(Beginning of Source material)

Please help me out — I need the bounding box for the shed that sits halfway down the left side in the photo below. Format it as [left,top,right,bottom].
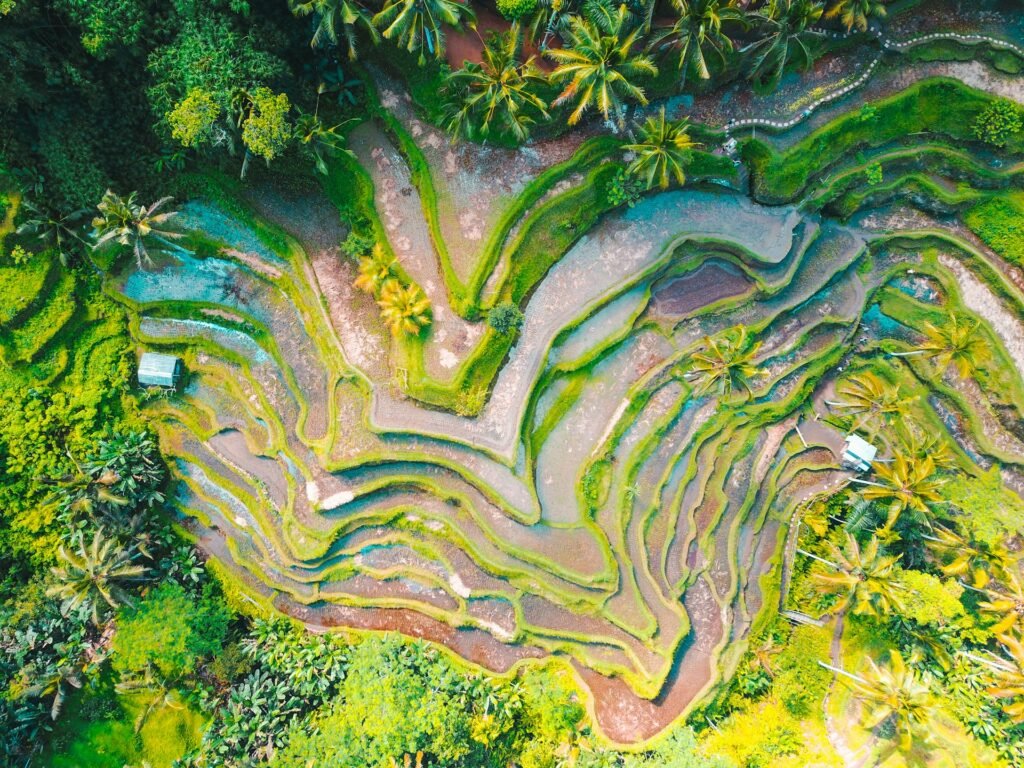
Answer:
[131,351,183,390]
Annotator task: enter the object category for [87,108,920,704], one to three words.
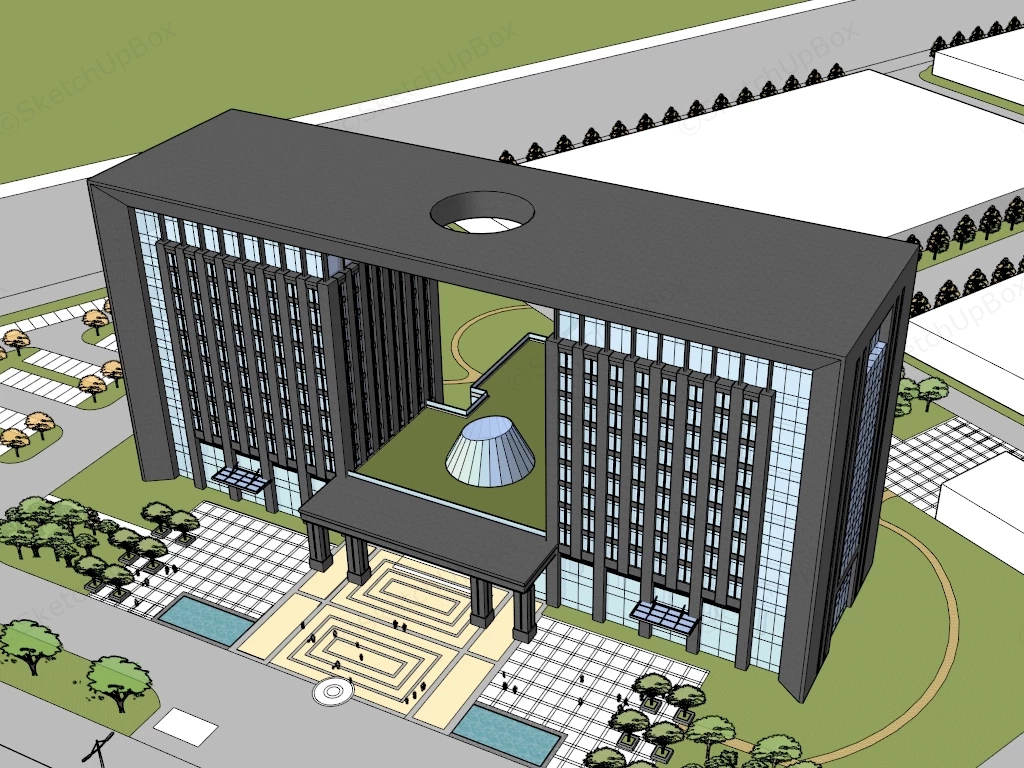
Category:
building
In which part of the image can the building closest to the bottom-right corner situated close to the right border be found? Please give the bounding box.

(End of Source material)

Each line above that holds the string "right" should be copied and shown.

**Task output**
Please help me out — I need the bounding box for the shed that sits halfway down the left side in the photo below. Format it as [left,top,right,bottom].
In which part of the image can the building closest to the bottom-right corner situated close to the right border be found? Please give the bounding box.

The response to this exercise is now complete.